Practice defining bijections since a major way of counting a set is
to show that it is bijectively related to a set we already know how
to count. We end with some recurrence relations and an introduction
to elementary probability. Linguistic applications: measuring the
strength of constraints. For example extensional adjectives are
restricting: Adj+N is a subset of N. How many maps from sets to sets
are restricting? How many Det denotations satisfy the conservativity
condition? How many are intersective?
Weeks 4 - 6:
- Probability spaces: definitions and basic laws;
- Bayesian statistics;
- Basic probability distributions
- Random variables; expectation, variance.

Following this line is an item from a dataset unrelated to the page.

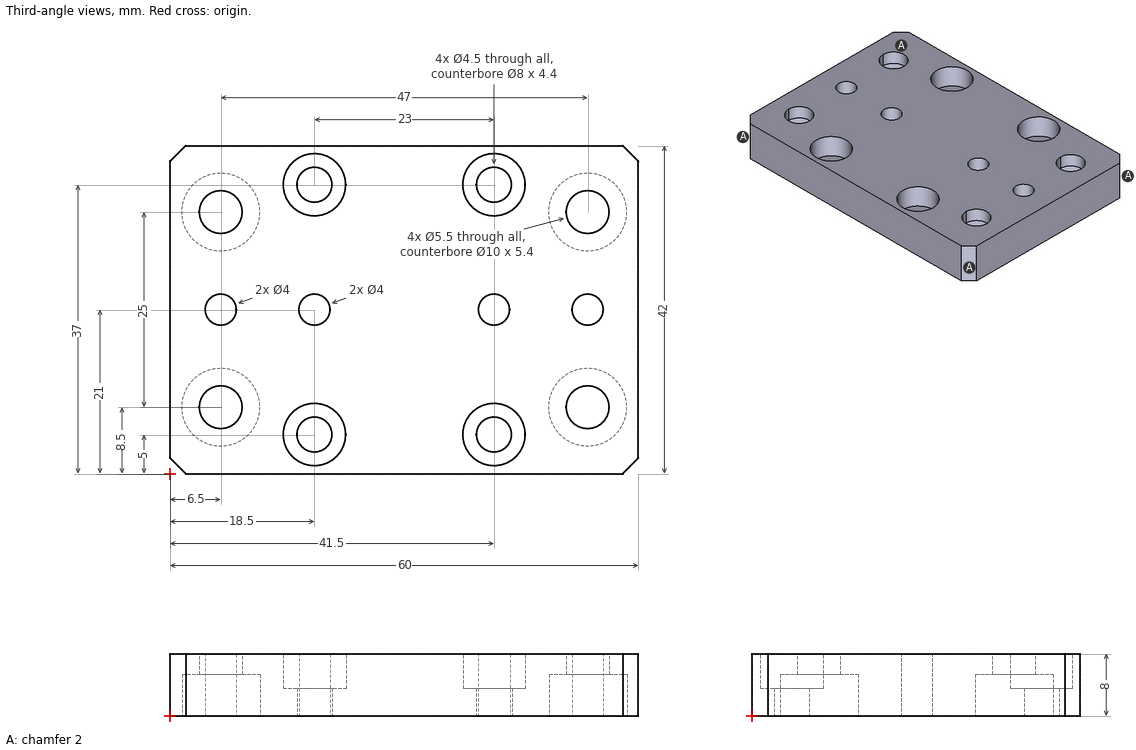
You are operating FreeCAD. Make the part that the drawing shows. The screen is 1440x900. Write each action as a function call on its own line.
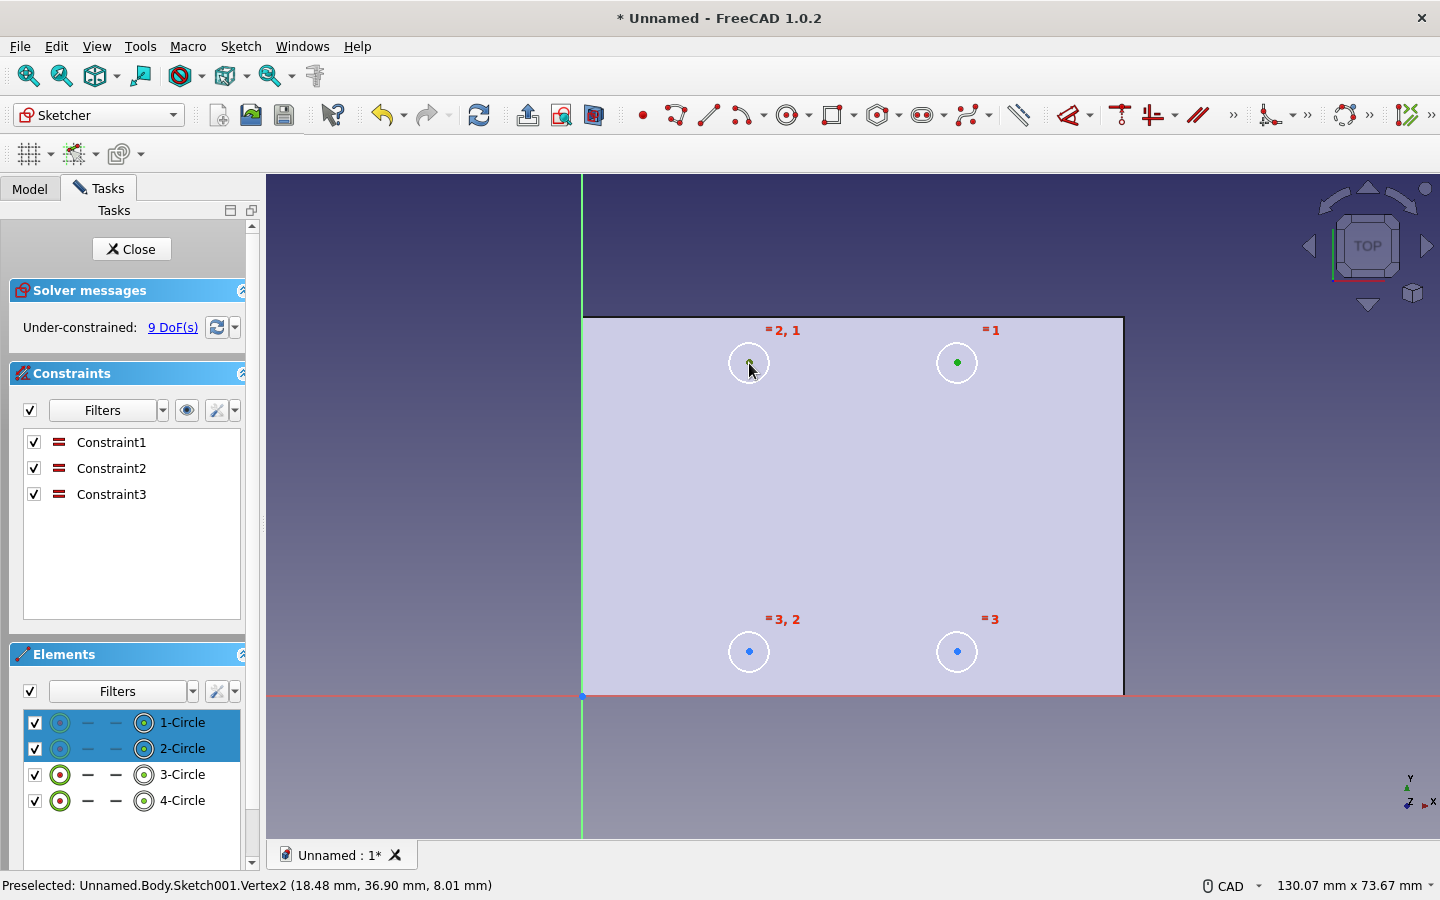
click(1174, 116)

This will enable us to first of all set up the tools for
statistical investigation in the first place: the probability spaces,
and how they are related to a particular problem at hand. Once this
is set up we can ask: what is the likelihood of a random letter (or
a random sound) being equal to "e" or "r"? What is the likelihood that
"e" follows "p"? And so on. Since the probability of e is obtained
by dividing the number of overall cases divided by number of cases
in which e takes place, the counting techniques developed in Weeks
1 - 3 will be put to immediate use.
Week 7:
Parameter estimation (e.g. maximum likelihood). Once we have decided
on particular type of model there are various parameters to fix.

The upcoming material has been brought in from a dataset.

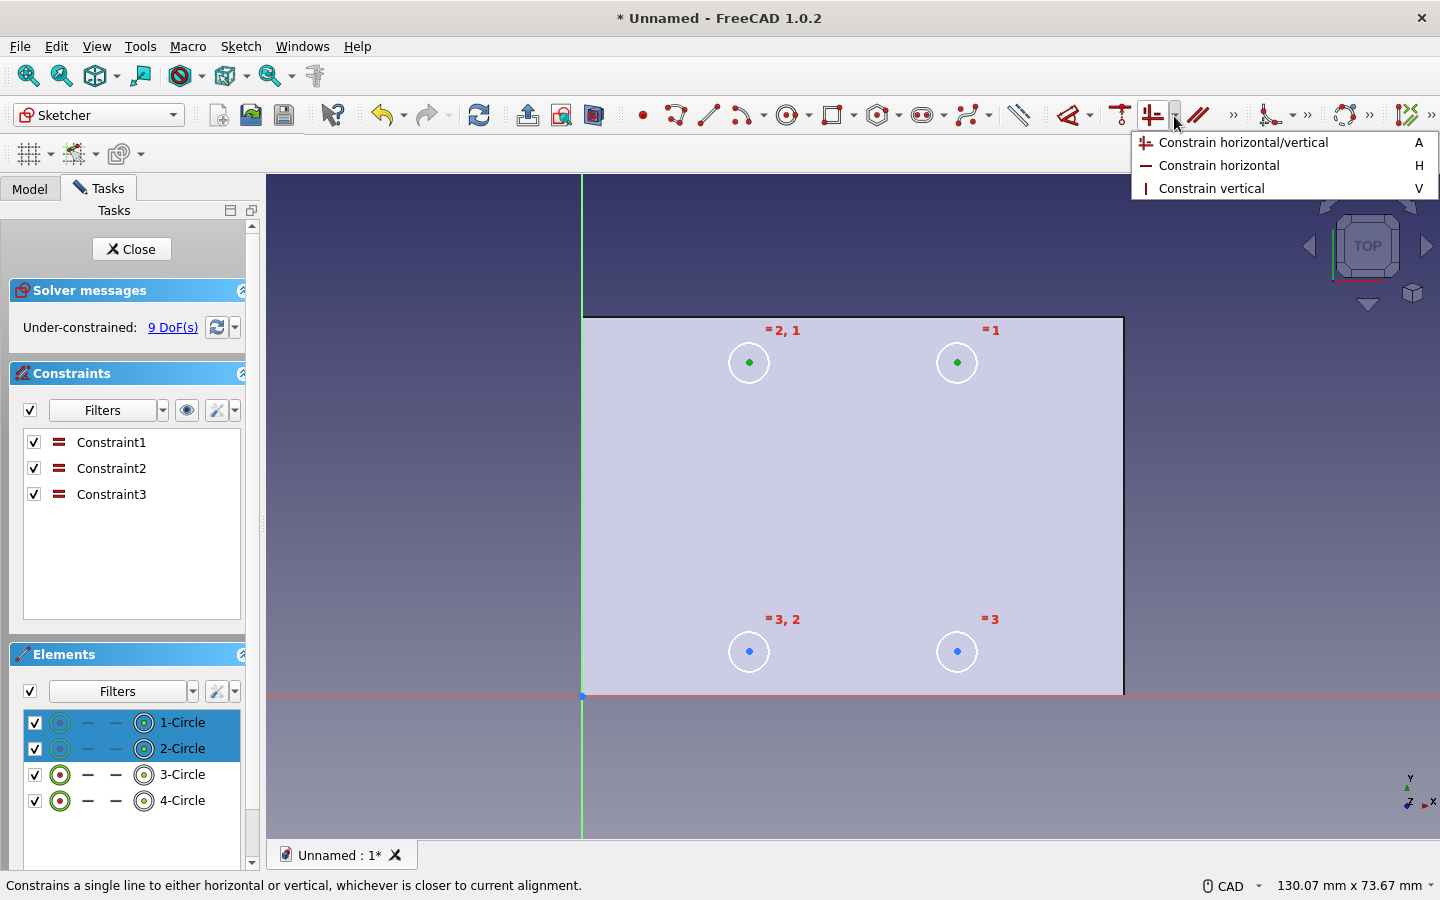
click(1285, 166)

For example, a Markov model for the letter sequences (or other
applications) require fixing the transition probabilities. But
how do we get them in the first place? This is a very important
issue, as there are theoretically reliable methods which often are
impractical, so compromises have to be found (whose validity is
once again dependent on statistical facts).
Week 8:
Hypothesis testing (t-test; chi-square test). Also, once everything is
in place and we have two competing hypotheses A and B concerning
our data, which one fits better? Again, various methods of testing
have been proposed, all with their own merits and drawbacks.
Weeks 9 & 10:
Markov and hidden Markov models; the ergodic theorem (behavior in the
limit). Markov models play an important role eg in speech recognition
and tagging. They rely on predicting the future from the present,
without any memory of the past. The ergodic theorem states that in
the limit in almost all cases whatever the initial probability
distribution is, in the limit the probability distribution is that
of the single ergodic state. This allows to extract from the model
the probability of occurrence of individual states.